[Spambayes] to From_ or not to From_?
Tim Peters
tim.one@comcast.net
Tue, 01 Oct 2002 19:35:14 -0400
[Neale Pickett, "From " lines]
> ...
> Here, I'll put my money where my mouth is. My mail program writes the
> From header as an X-From: line. I add this to my bayescustomize.ini:
>
> [Tokenizer]
> basic_header_tokenize: True
> basic_header_skip: received
> date
> x-[^f][^r].*
Note that this tokenizes a great many headers lines beyond just x-from.
Something like
basic_header_skip: (?!x-from)
would have been sharper (that's a negative lookahead assertion: it matches
iff the header name doesn't match x-from, so it skips a header line iff it's
not x-from, so it looks only at x-from -- all obvious to the most casual
observer <wink>).
> And I get this on my tiny corpus (2x5x200 messages):
>
> """
> false positive percentages
> 1.500 1.500 tied
> 1.000 1.000 tied
> 2.000 1.000 won -50.00%
> 1.500 1.000 won -33.33%
> 1.500 1.000 won -33.33%
>
> won 3 times
> tied 2 times
> lost 0 times
>
> total unique fp went from 15 to 11 won -26.67%
> mean fp % went from 1.5 to 1.1 won -26.67%
>
> false negative percentages
> 1.500 1.000 won -33.33%
> 0.000 0.500 lost +(was 0)
> 1.000 1.000 tied
> 0.500 0.000 won -100.00%
> 1.000 1.000 tied
>
> won 2 times
> tied 2 times
> lost 1 times
> """
>
> In all but one case where something changed, it was just a single
> message.
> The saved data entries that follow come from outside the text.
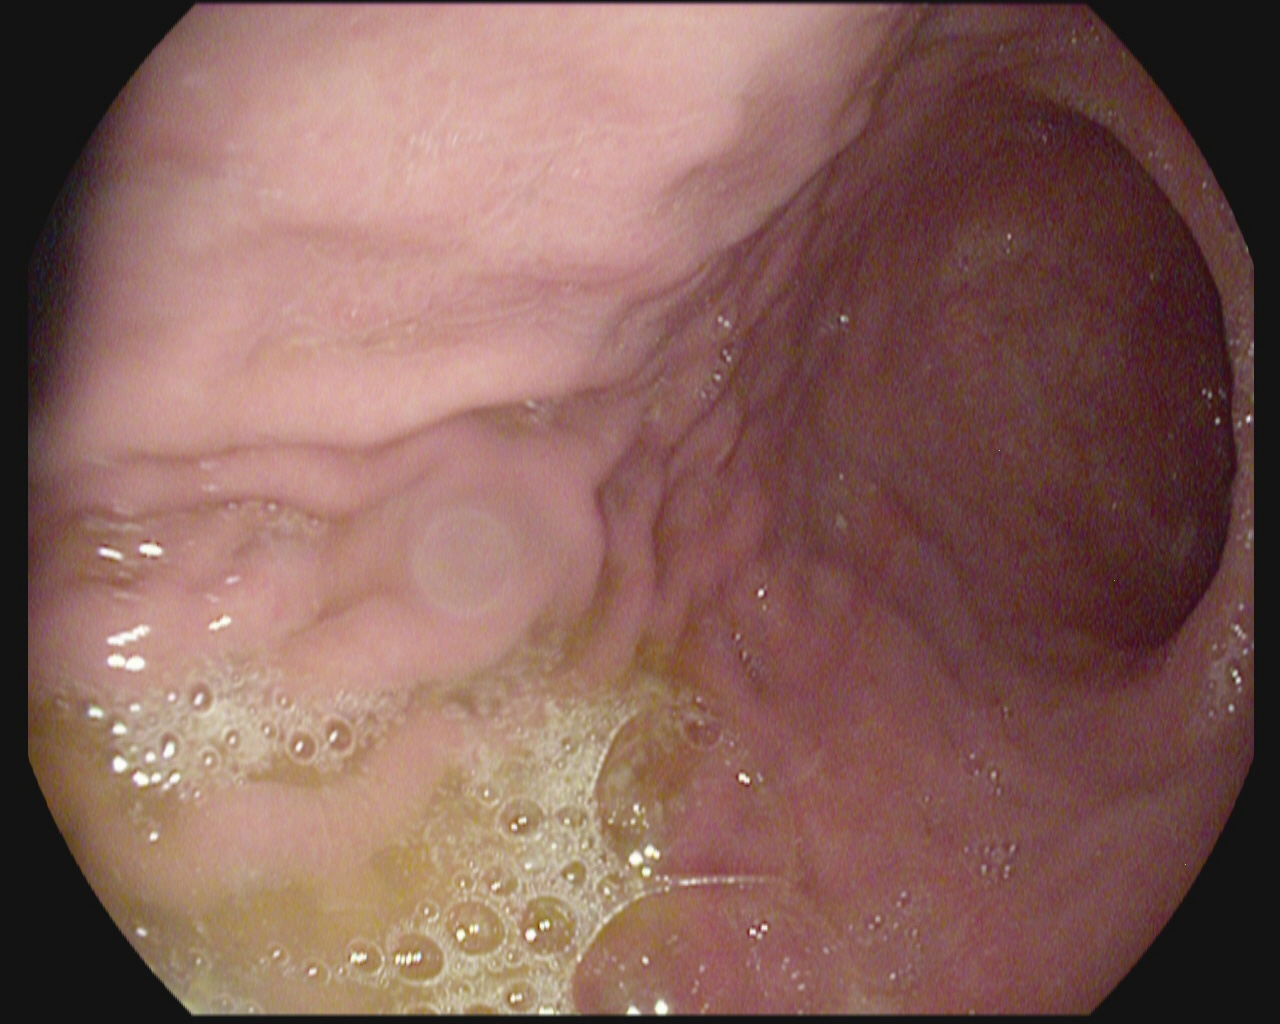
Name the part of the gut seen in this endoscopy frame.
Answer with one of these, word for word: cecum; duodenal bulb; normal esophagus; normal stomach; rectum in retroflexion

normal stomach
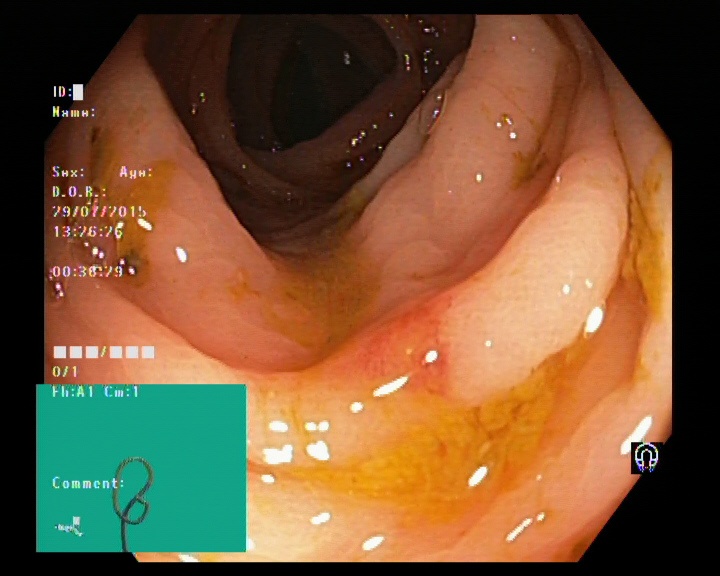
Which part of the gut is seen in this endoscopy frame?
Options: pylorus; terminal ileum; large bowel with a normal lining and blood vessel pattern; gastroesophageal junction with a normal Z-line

large bowel with a normal lining and blood vessel pattern
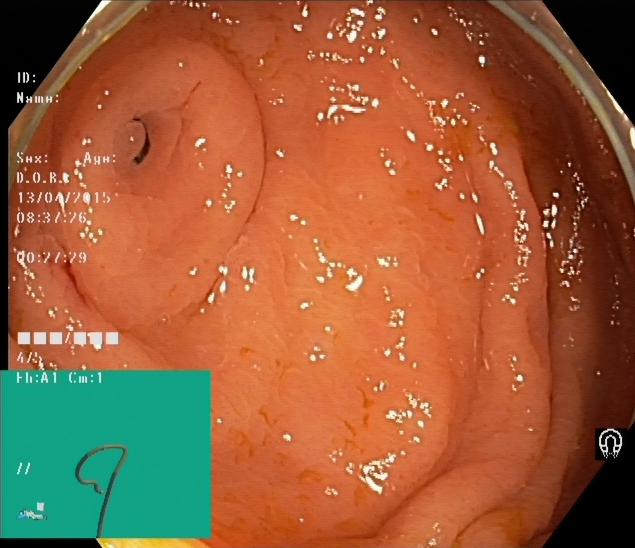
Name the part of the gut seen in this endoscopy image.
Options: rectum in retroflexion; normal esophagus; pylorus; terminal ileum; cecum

cecum
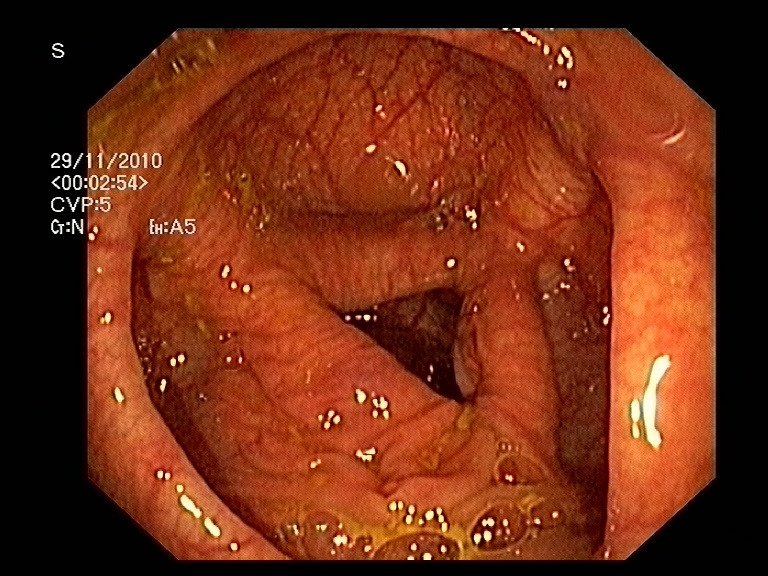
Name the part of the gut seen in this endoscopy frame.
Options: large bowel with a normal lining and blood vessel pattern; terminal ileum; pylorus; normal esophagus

large bowel with a normal lining and blood vessel pattern
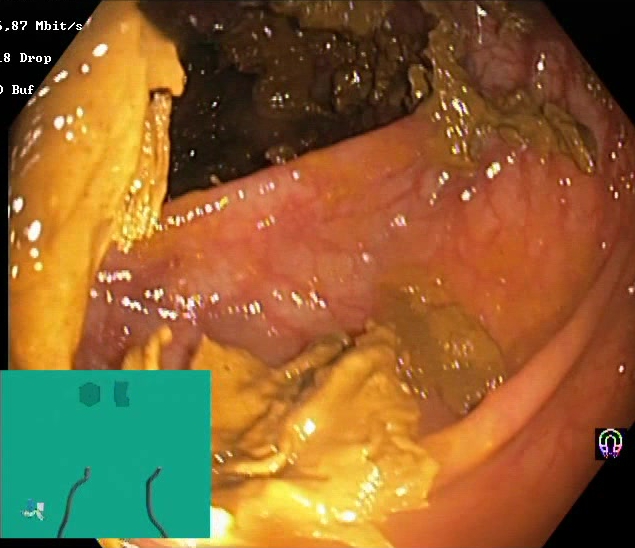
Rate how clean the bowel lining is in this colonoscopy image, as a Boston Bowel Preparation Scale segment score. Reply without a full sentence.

Boston Bowel Preparation Scale score 0–1 (inadequate preparation)
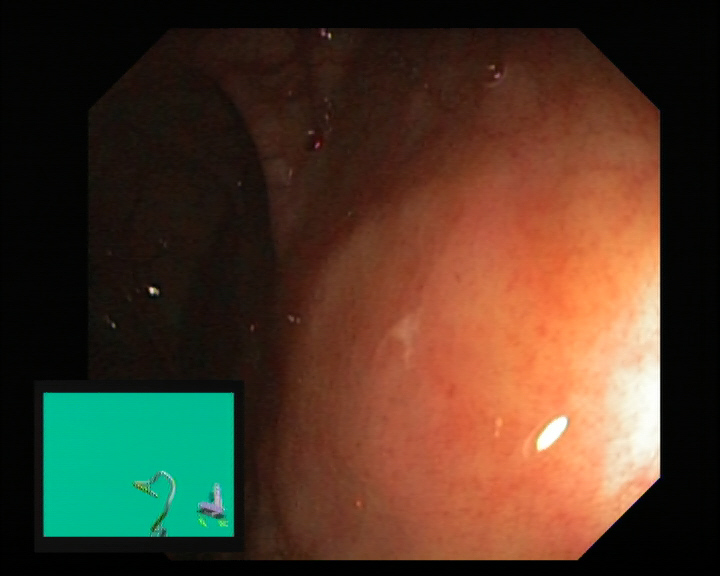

That's not a huge improvement,
*Relative to* your error rates, it was a huge improvement, but it's hard to
be confident about it because the absolute # of msgs involved is so small.
Still, that it won 3 times on f-p, and never lost, adds to the confidence
you should have that it truly helped.
> but maybe enough of one to convince someone with a larger test
> set to try it out?
I can't get away with tokenizing so many header lines; there are too many
"good clues for bad reasons" in my mixed-source data.